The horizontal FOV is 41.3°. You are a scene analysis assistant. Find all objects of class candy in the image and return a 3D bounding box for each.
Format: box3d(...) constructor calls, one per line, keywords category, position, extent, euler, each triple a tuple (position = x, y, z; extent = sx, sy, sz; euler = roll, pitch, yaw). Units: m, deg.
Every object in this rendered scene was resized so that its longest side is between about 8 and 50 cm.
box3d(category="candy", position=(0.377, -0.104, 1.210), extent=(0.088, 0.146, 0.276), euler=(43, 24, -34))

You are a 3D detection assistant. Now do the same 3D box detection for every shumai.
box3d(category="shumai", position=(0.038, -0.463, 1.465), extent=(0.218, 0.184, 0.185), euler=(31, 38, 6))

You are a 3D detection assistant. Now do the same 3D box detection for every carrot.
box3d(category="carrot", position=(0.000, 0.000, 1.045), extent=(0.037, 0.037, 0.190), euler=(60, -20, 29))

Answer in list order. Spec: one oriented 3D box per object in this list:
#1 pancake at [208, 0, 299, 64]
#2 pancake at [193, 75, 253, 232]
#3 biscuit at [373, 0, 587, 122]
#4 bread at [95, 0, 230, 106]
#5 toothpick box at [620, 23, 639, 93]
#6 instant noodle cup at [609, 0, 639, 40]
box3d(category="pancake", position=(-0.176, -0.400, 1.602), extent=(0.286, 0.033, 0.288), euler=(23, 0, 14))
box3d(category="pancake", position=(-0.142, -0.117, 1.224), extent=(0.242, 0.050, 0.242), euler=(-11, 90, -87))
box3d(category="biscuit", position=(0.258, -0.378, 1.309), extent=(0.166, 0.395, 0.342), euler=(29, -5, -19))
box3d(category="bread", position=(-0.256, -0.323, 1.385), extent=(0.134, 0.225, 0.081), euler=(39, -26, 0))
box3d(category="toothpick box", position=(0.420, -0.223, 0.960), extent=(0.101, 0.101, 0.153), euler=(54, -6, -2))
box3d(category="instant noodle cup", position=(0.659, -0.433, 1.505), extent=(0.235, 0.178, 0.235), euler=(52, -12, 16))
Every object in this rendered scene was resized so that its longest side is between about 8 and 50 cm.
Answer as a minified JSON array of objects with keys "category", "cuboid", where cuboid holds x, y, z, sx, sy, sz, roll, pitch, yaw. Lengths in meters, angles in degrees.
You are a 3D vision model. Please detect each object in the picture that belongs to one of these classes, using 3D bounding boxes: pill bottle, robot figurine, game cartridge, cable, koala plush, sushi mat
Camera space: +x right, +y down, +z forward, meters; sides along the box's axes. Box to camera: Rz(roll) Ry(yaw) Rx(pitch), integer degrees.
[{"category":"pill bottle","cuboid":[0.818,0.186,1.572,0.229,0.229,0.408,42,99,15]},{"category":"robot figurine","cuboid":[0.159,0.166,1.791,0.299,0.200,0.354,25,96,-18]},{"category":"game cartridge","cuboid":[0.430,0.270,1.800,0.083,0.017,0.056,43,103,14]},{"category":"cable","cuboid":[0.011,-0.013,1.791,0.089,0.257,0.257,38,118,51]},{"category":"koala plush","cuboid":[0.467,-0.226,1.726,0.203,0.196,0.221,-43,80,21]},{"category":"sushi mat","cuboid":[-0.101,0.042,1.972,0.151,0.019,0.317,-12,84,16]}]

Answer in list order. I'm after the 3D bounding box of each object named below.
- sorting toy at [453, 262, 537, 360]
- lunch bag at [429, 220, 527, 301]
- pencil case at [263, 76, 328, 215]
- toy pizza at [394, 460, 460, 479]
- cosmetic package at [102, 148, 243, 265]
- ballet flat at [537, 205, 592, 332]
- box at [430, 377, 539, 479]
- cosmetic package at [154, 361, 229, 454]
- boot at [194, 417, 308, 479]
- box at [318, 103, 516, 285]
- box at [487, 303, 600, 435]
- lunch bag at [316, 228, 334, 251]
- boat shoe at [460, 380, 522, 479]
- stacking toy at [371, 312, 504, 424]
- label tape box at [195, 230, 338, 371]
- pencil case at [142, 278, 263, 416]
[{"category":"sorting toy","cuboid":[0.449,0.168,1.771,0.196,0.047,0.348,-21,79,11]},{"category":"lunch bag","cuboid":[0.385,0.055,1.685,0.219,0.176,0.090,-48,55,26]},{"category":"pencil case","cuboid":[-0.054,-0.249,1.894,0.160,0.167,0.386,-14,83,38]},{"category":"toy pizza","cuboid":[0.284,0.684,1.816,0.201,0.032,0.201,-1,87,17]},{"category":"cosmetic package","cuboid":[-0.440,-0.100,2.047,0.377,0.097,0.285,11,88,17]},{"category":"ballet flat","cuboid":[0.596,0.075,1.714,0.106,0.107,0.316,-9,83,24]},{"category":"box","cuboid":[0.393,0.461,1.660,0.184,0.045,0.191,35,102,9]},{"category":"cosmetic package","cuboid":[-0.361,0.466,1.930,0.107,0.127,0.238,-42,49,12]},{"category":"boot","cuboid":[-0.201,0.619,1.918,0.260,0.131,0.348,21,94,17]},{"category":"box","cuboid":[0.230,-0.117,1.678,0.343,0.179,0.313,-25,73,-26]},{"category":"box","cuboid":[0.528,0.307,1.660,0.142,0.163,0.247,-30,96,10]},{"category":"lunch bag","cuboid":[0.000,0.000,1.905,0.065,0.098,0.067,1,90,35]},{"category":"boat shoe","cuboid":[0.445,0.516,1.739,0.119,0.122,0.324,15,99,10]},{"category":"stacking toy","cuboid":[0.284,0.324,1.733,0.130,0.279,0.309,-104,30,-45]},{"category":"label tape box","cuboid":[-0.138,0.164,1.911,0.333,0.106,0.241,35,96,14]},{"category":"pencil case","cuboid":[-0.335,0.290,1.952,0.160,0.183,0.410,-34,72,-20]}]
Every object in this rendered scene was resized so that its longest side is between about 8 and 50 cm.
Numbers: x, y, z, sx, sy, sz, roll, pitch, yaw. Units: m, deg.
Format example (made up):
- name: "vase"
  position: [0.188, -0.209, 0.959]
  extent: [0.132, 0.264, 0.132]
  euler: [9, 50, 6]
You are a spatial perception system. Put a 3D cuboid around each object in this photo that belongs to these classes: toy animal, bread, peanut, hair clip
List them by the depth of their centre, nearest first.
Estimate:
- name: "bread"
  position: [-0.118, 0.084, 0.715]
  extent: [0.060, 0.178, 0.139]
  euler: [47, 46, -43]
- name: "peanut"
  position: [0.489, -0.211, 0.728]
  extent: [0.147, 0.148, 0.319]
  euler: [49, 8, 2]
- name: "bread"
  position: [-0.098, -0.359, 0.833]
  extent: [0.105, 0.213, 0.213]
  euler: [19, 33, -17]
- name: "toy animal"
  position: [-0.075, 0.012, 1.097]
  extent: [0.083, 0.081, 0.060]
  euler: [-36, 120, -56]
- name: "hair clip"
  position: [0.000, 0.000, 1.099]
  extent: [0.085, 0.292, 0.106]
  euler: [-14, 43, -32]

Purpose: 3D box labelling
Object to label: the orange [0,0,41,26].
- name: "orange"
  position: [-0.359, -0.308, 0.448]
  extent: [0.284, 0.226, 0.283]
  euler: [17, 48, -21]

----

#### [Your task]
Using the records above, restate word for word the lines from the one with "You are a 3D vision" through the one with "- label tape box at [195, 230, 338, 371]", both included.

#### [Exercise solution]
You are a 3D vision model. Please detect each object in the picture that belongs to one of these classes, using 3D bounding boxes: pill bottle, robot figurine, game cartridge, cable, koala plush, sushi mat
Camera space: +x right, +y down, +z forward, meters; sides along the box's axes. Box to camera: Rz(roll) Ry(yaw) Rx(pitch), integer degrees.
[{"category":"pill bottle","cuboid":[0.818,0.186,1.572,0.229,0.229,0.408,42,99,15]},{"category":"robot figurine","cuboid":[0.159,0.166,1.791,0.299,0.200,0.354,25,96,-18]},{"category":"game cartridge","cuboid":[0.430,0.270,1.800,0.083,0.017,0.056,43,103,14]},{"category":"cable","cuboid":[0.011,-0.013,1.791,0.089,0.257,0.257,38,118,51]},{"category":"koala plush","cuboid":[0.467,-0.226,1.726,0.203,0.196,0.221,-43,80,21]},{"category":"sushi mat","cuboid":[-0.101,0.042,1.972,0.151,0.019,0.317,-12,84,16]}]

Answer in list order. I'm after the 3D bounding box of each object named below.
- sorting toy at [453, 262, 537, 360]
- lunch bag at [429, 220, 527, 301]
- pencil case at [263, 76, 328, 215]
- toy pizza at [394, 460, 460, 479]
- cosmetic package at [102, 148, 243, 265]
- ballet flat at [537, 205, 592, 332]
- box at [430, 377, 539, 479]
- cosmetic package at [154, 361, 229, 454]
- boot at [194, 417, 308, 479]
- box at [318, 103, 516, 285]
- box at [487, 303, 600, 435]
- lunch bag at [316, 228, 334, 251]
- boat shoe at [460, 380, 522, 479]
- stacking toy at [371, 312, 504, 424]
- label tape box at [195, 230, 338, 371]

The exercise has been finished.